- Episode no.: Episode 12
- Directed by: Alan Perry
- Written by: Donald James
- Editing by: Len Walter
- Production code: 16
- Original air date: 30 September 1970

Guest appearances
- David Sumner as Captain Frank Craig; Steve Cory as Moonbase guard; Louise Pajo as Nurse;

Episode chronology
| ← Previous "Confetti Check A-O.K." | Next → "Sub-Smash" |

= Kill Straker! =

"Kill Straker!" is the 12th episode of UFO, a 1970 British science fiction television series about an alien invasion of Earth. The screenplay was written by Donald James and the director was Alan Perry. The episode was filmed between 5 and 17 November 1969 and was first broadcast on 30 September 1970 on Border Television. It was the 16th episode filmed. The episode was originally titled "The Inside Man".

The series was created by Gerry Anderson and Sylvia Anderson with Reg Hill, and produced by the Andersons and Lew Grade's Century 21 Productions for Grade's ITC Entertainment company.

==Plot==
Colonel Paul Foster and Captain Frank Craig are piloting a lunar module when it is approached by a UFO. Both are then subjected to mind-altering impulses that cause them to want to kill Commander Ed Straker. Straker makes a split-second decision that saves the men from crashing.
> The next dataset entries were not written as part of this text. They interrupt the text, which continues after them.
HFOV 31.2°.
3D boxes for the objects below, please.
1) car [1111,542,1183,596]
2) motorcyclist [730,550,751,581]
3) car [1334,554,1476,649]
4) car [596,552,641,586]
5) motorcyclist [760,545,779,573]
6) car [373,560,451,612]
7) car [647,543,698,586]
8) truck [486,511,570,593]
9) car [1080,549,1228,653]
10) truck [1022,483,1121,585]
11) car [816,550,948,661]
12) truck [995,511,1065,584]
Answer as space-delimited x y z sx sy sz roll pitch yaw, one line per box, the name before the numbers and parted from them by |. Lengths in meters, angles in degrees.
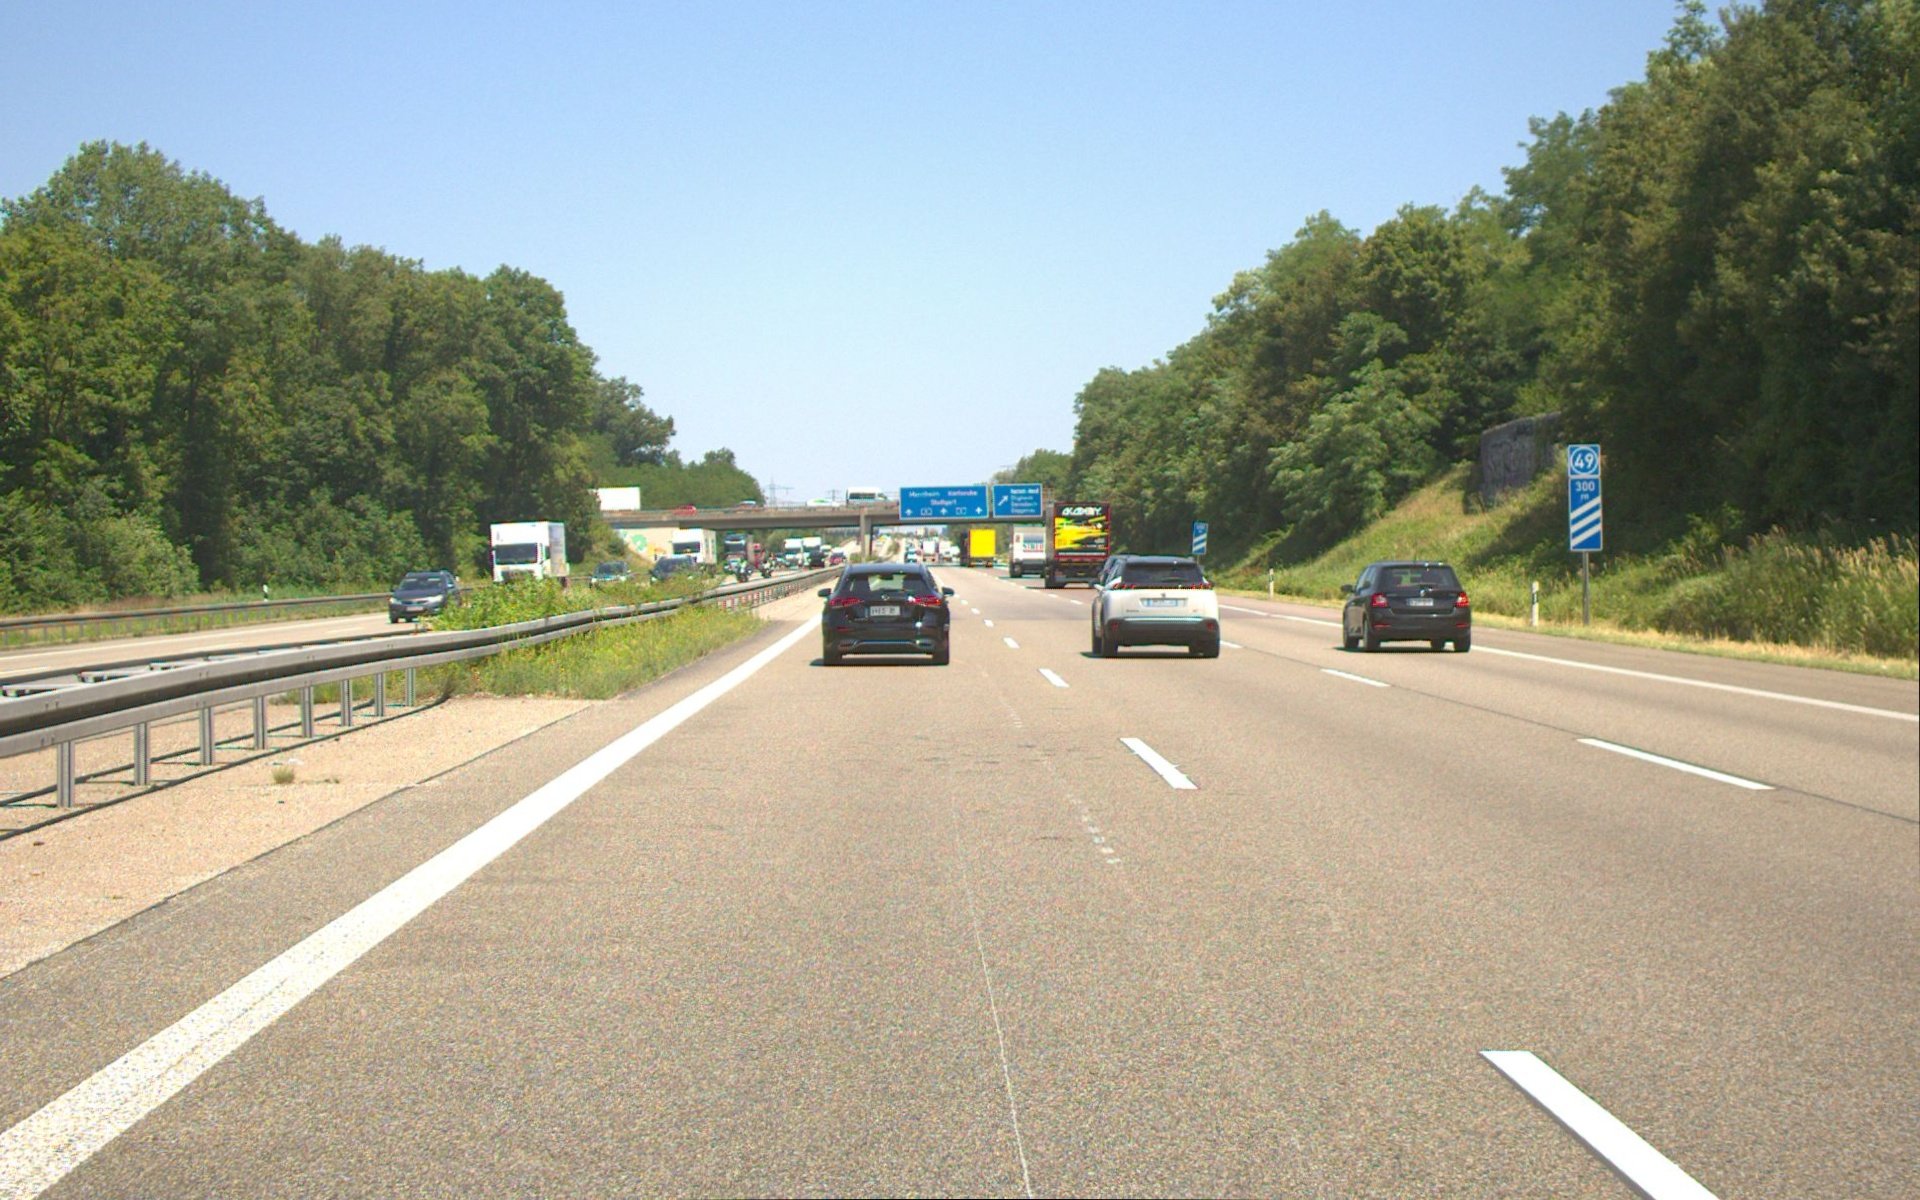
car | 6.385 -1.069 117.659 2.076 1.745 4.242 -1 1 -2
motorcyclist | -12.690 -1.994 198.813 1.152 1.809 1.027 -1 0 -1
car | 7.139 -0.008 55.492 1.789 1.456 3.949 0 1 0
car | -15.747 -1.435 158.638 1.799 1.527 4.242 0 1 -2
motorcyclist | -12.704 -2.736 229.322 1.152 1.809 1.027 -1 0 -1
car | -16.808 -0.447 105.623 1.799 1.527 4.679 0 1 -2
car | -11.550 -1.449 138.255 1.799 1.690 4.242 0 1 -1
truck | -20.260 -2.267 161.760 2.796 3.620 10.698 -1 1 -2
car | 2.936 -0.018 52.829 1.899 1.527 4.242 0 1 -2
truck | 5.187 -3.052 163.249 3.647 4.574 15.768 1 1 -2
car | -1.133 0.045 49.000 1.799 1.497 4.242 0 1 -2
truck | 4.526 -3.438 225.876 3.647 4.574 17.249 1 1 -2
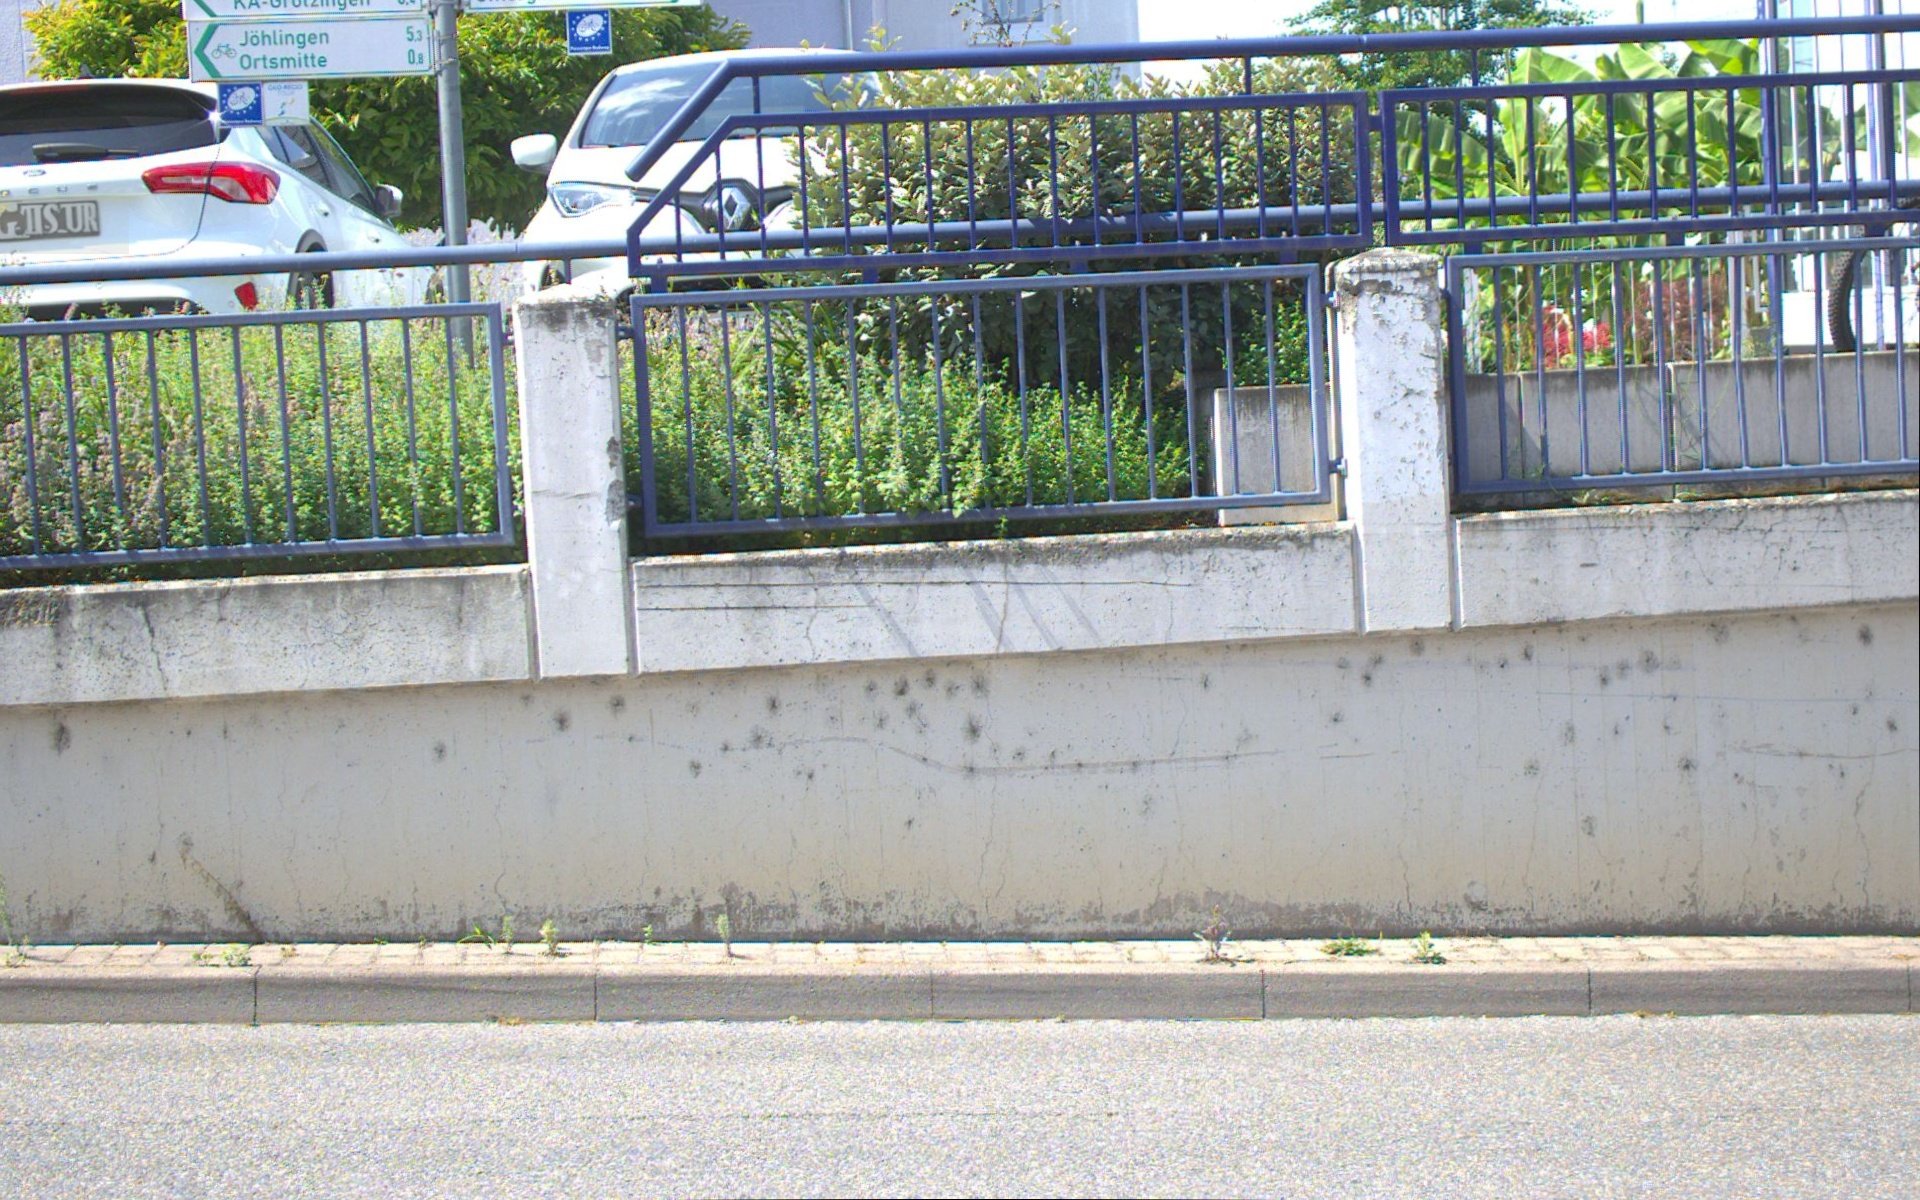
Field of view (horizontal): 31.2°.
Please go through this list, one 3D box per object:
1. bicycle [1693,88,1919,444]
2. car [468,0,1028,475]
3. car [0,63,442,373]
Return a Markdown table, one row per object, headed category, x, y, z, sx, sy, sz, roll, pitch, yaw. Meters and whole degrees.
| category | x | y | z | sx | sy | sz | roll | pitch | yaw |
| --- | --- | --- | --- | --- | --- | --- | --- | --- | --- |
| bicycle | 3.505 | -1.116 | 11.308 | 2.114 | 1.122 | 0.333 | -2 | 4 | -5 |
| car | -0.734 | -1.447 | 14.471 | 1.993 | 1.791 | 4.197 | 1 | 2 | 1 |
| car | -3.386 | -1.537 | 14.497 | 1.825 | 1.016 | 3.459 | 1 | 2 | 1 |

Returning to Moonbase, Foster starts to criticise Straker's performance and then Craig makes an unsuccessful attempt to kill Straker in his sleep. Craig also tries to destroy Moonbase's supply of air and water but is killed in the attempt. To further discredit Straker's abilities, Foster sends a critical report on him to General James Henderson, leading to a confrontation between Straker and Foster. Foster pulls a gun, a bullet punctures Moonbase's sphere and the two pass out from lack of oxygen.

Now back on Earth, Foster is placed under hypnosis by Dr. Jackson which reveals that the aliens mentally implanted the impulse to kill Straker. Although Foster's career with SHADO appears over, Straker is not willing to give up on him and decides to test if Foster can combat the urge. He puts himself and Foster in a sealed room and tries to convince Foster that he is going to kill him. Foster demonstrates that he can overcome the urge to kill Straker; soon after he is returned to active duty.

==Reception==
Believing "Kill Straker!" to be one of UFOs poorer episodes, John Kenneth Muir criticises the characterisation, arguing that despite Foster's highly unusual behaviour his colleagues are very slow to realise what has happened to him. Muir also finds the premise unoriginal, noting that the idea of "sleeper agents" had been explored in earlier episodes. However, he praises the tension of the physical altercations between Foster and Straker.

Ranking all the UFO episodes, review website anorakzone.com places "Kill Straker!" seventeenth, commenting that while the plot "doesn't really go anywhere you wouldn't expect", the episode is "well put together and performed".